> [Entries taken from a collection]
━━━━━━━━
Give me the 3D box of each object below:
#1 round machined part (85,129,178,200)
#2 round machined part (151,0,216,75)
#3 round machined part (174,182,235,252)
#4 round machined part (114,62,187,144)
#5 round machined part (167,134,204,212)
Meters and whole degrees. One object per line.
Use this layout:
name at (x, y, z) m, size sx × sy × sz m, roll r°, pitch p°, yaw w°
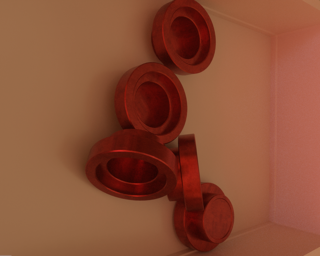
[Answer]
round machined part at (-0.029, 0.038, 0.342) m, size 0.098 × 0.098 × 0.042 m, roll 41°, pitch 39°, yaw -33°
round machined part at (0.027, -0.120, 0.418) m, size 0.099 × 0.042 × 0.097 m, roll 0°, pitch 90°, yaw -40°
round machined part at (0.071, 0.129, 0.450) m, size 0.099 × 0.042 × 0.097 m, roll 5°, pitch 82°, yaw -40°
round machined part at (-0.015, -0.027, 0.378) m, size 0.099 × 0.042 × 0.097 m, roll 6°, pitch 81°, yaw -42°
round machined part at (0.029, 0.058, 0.398) m, size 0.098 × 0.042 × 0.097 m, roll -8°, pitch 91°, yaw -84°
━━━━━━━━
> [Work to complete] Copy exactly the lines from the one containing "#4 round machined part (114,62,187,144)" through the final line of the records above, both included, and leave out any pictures.

> [Answer below]
#4 round machined part (114,62,187,144)
#5 round machined part (167,134,204,212)
Meters and whole degrees. One object per line.
Use this layout:
name at (x, y, z) m, size sx × sy × sz m, roll r°, pitch p°, yaw w°
[Answer]
round machined part at (-0.029, 0.038, 0.342) m, size 0.098 × 0.098 × 0.042 m, roll 41°, pitch 39°, yaw -33°
round machined part at (0.027, -0.120, 0.418) m, size 0.099 × 0.042 × 0.097 m, roll 0°, pitch 90°, yaw -40°
round machined part at (0.071, 0.129, 0.450) m, size 0.099 × 0.042 × 0.097 m, roll 5°, pitch 82°, yaw -40°
round machined part at (-0.015, -0.027, 0.378) m, size 0.099 × 0.042 × 0.097 m, roll 6°, pitch 81°, yaw -42°
round machined part at (0.029, 0.058, 0.398) m, size 0.098 × 0.042 × 0.097 m, roll -8°, pitch 91°, yaw -84°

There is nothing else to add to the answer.